Stored items
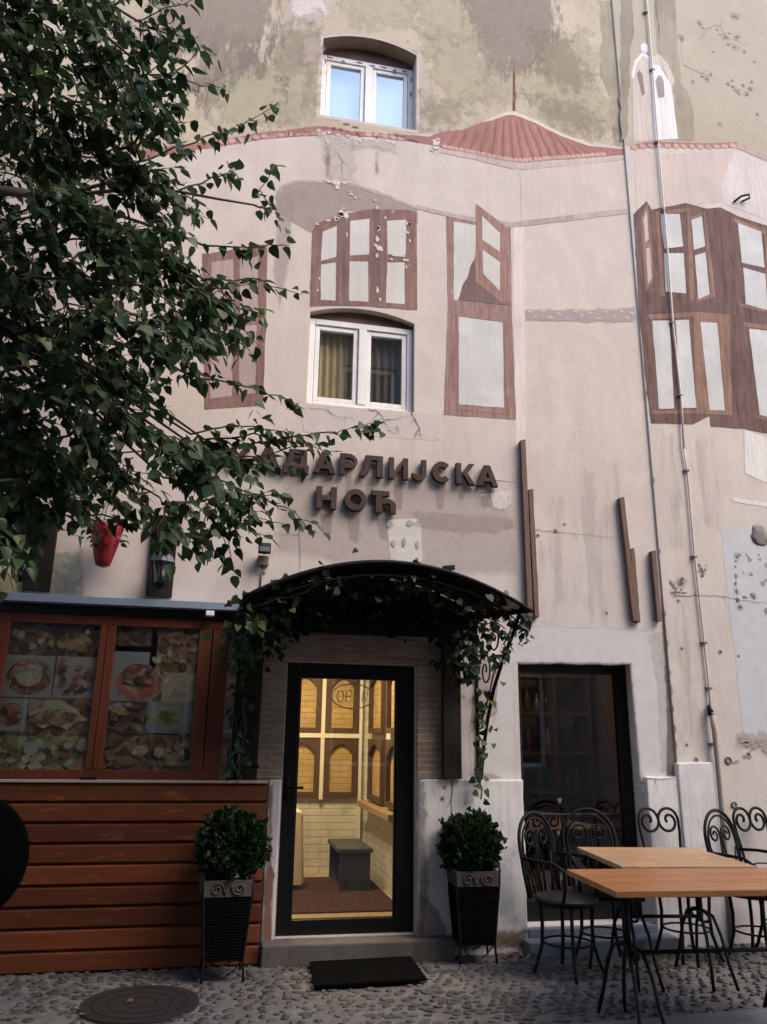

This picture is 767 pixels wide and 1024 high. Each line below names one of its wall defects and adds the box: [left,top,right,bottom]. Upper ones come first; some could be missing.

peeling [289,0,330,21]
crack [656,6,744,80]
peeling [317,123,419,269]
crack [312,408,423,438]
spalling [734,554,767,609]
spalling [732,737,767,763]
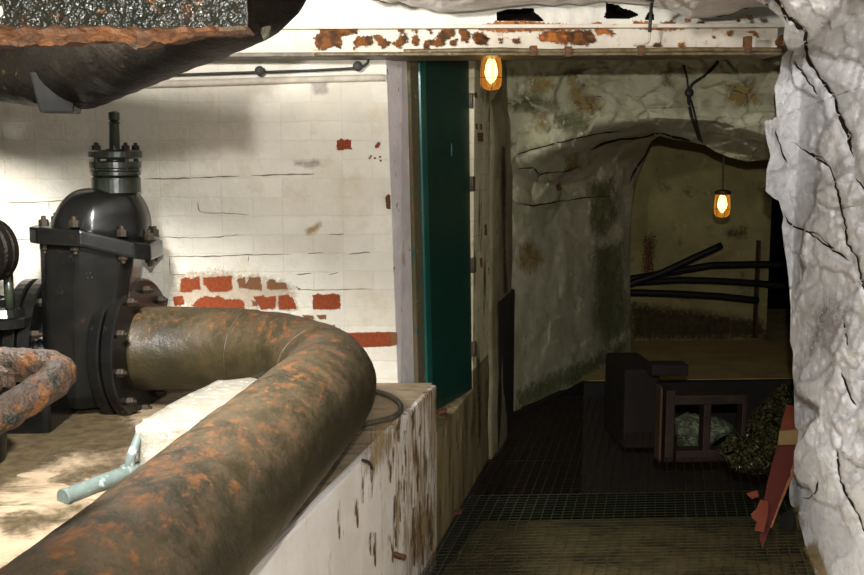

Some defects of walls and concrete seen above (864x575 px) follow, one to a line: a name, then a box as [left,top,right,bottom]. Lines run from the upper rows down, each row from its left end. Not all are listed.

corrosion [313,20,616,51]
spalling [497,8,543,21]
peeling [336,138,352,151]
crack [517,131,690,207]
crack [775,0,864,289]
water stain [590,180,617,236]
peeling [173,275,398,347]
water stain [517,243,767,408]
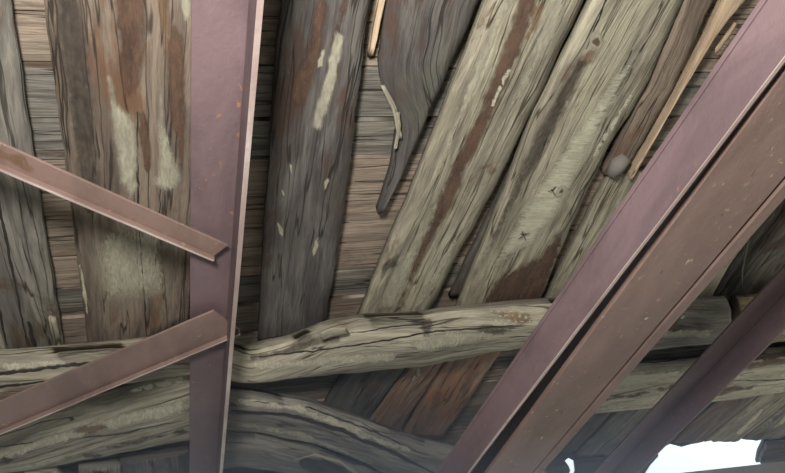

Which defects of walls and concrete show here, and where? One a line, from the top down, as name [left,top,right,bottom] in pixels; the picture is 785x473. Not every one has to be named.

damp [61,0,96,183]
damp [116,0,144,94]
damp [168,26,184,158]
damp [139,113,150,172]
crack [0,362,89,389]
crack [250,322,513,358]
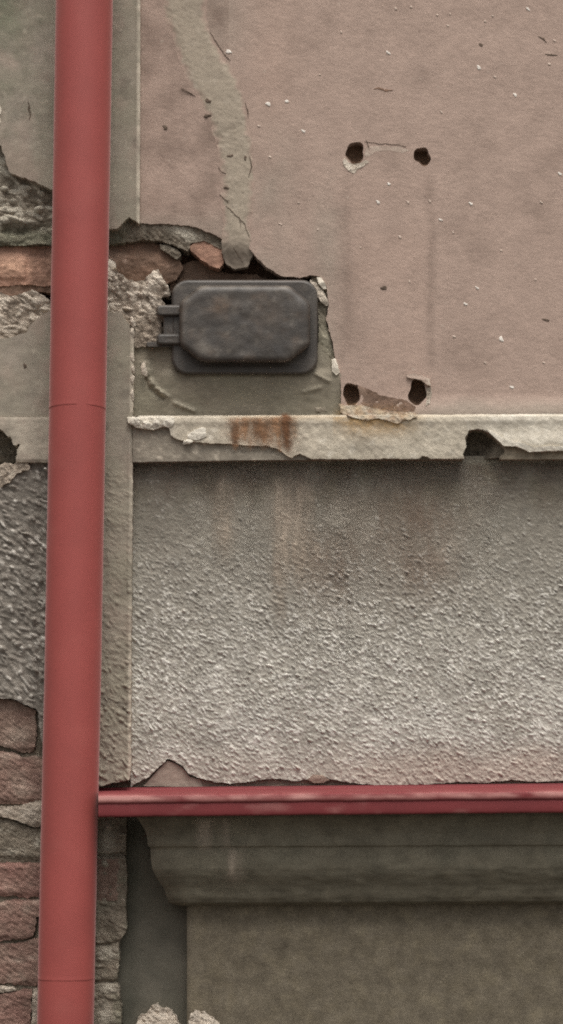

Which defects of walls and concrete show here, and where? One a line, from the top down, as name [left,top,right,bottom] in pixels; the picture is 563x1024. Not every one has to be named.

spalling [343,158,369,173]
spalling [0,148,53,339]
spalling [108,219,271,401]
spalling [310,276,340,375]
spalling [314,385,432,424]
spalling [0,432,31,488]
peeling [130,416,309,463]
rust [232,414,291,448]
spalling [463,429,563,460]
spalling [144,761,370,787]
spalling [0,699,42,1024]

• The problem
Using the records above, output an exact copy without any pictures.

• Written response
This picture is 767 pixels wide and 1024 high. Each line below names one of its wall defects and adds the box: [left,top,right,bottom]. Upper ones come first; some could be missing.

peeling [289,0,330,21]
crack [656,6,744,80]
peeling [317,123,419,269]
crack [312,408,423,438]
spalling [734,554,767,609]
spalling [732,737,767,763]

Some defects of walls and concrete seen above (864x575 px) follow, one to a line: a name, then a box as [left,top,right,bottom]. Lines run from the upper rows down, each row from its left end. Not all are listed.

corrosion [313,20,616,51]
spalling [497,8,543,21]
peeling [336,138,352,151]
crack [517,131,690,207]
crack [775,0,864,289]
water stain [590,180,617,236]
peeling [173,275,398,347]
water stain [517,243,767,408]

Which defects of walls and concrete show here, and where? One a line, from the top down, as name [left,top,right,bottom] in pixels; the picture is 785x473. Not every one has to be named.

damp [61,0,96,183]
damp [116,0,144,94]
damp [168,26,184,158]
damp [139,113,150,172]
crack [0,362,89,389]
crack [250,322,513,358]

Which defects of walls and concrete show here, and where? One a line, from the top down, as name [left,top,right,bottom] in pixels; the picture is 563x1024. Not every one has to be named.

spalling [343,158,369,173]
spalling [0,148,53,339]
spalling [108,219,271,401]
spalling [310,276,340,375]
spalling [314,385,432,424]
spalling [0,432,31,488]
peeling [130,416,309,463]
rust [232,414,291,448]
spalling [463,429,563,460]
spalling [144,761,370,787]
spalling [0,699,42,1024]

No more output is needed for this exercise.